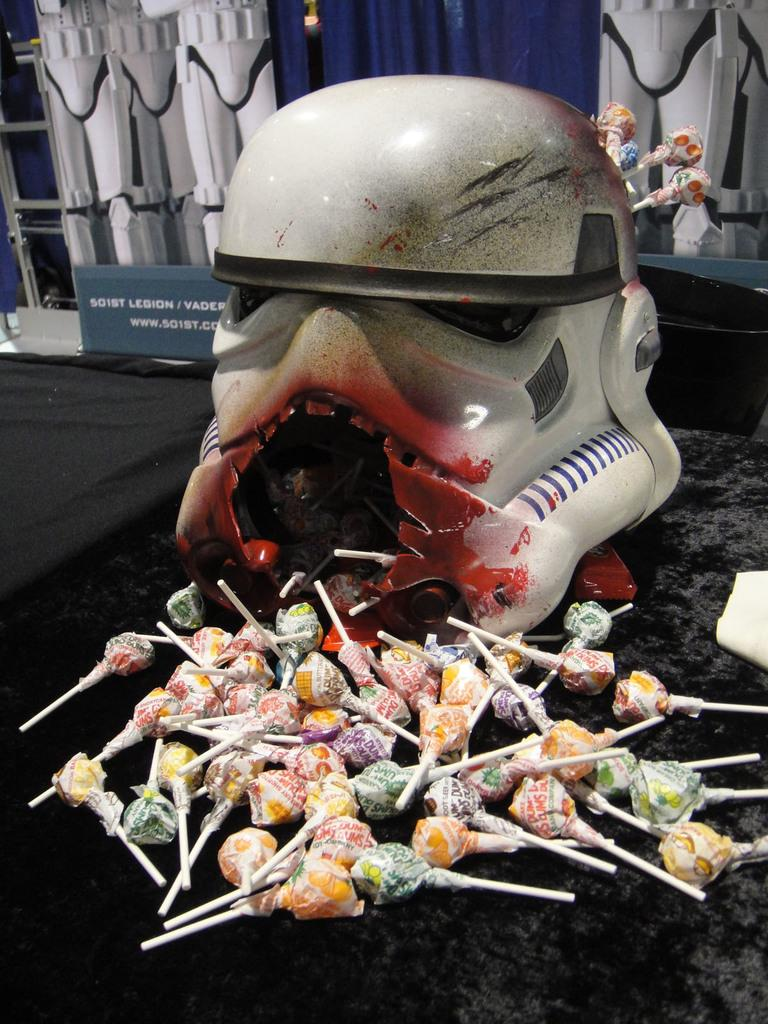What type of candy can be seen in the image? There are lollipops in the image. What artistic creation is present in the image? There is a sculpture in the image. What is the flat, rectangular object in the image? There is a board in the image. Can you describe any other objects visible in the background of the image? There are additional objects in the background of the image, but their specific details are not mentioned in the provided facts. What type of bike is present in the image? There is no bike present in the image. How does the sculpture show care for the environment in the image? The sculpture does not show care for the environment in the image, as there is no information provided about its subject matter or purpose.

--

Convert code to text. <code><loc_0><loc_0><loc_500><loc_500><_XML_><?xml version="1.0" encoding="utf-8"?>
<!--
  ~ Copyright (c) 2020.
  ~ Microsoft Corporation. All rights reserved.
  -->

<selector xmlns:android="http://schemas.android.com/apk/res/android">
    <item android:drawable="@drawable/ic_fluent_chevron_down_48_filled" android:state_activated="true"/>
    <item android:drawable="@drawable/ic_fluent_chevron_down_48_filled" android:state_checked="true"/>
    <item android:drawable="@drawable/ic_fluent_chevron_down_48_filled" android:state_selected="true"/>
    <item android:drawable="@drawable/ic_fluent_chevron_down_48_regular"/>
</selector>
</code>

--

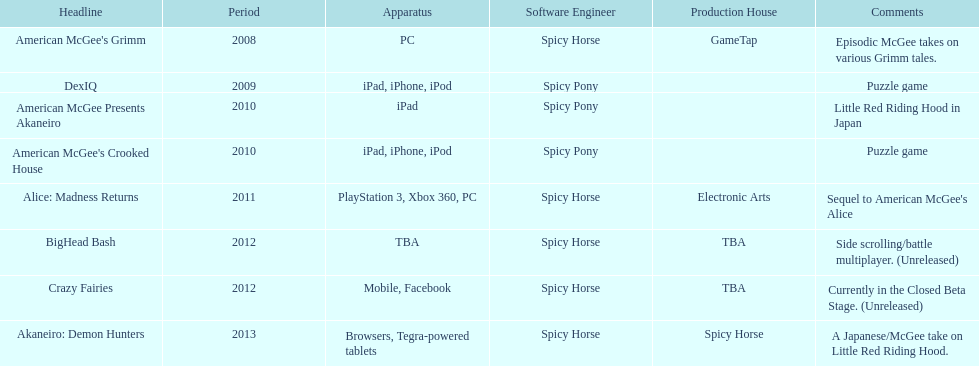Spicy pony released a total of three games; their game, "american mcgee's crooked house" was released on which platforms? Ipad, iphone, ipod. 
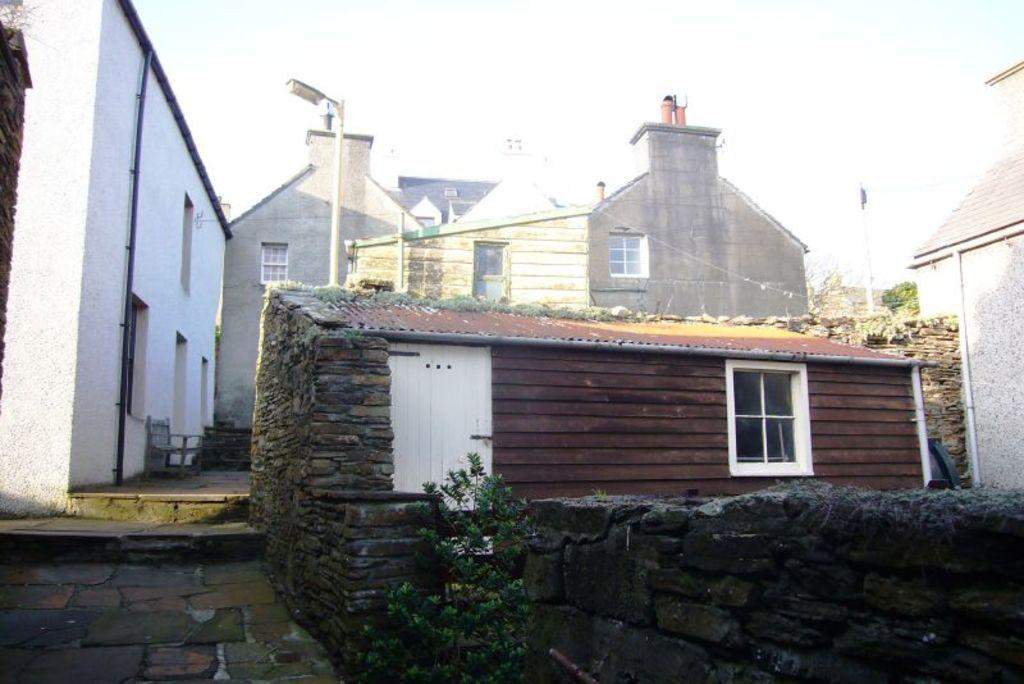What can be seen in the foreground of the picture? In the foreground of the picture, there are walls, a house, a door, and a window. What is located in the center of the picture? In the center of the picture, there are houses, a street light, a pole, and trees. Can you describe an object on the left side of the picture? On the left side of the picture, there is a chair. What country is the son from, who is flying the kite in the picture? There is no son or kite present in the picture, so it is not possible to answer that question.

### The problem
Copy each line above that contains the string "code".

### Expected answer
Convert code to text. <code><loc_0><loc_0><loc_500><loc_500><_XML_><?xml version="1.0" encoding="utf-8"?>
</code>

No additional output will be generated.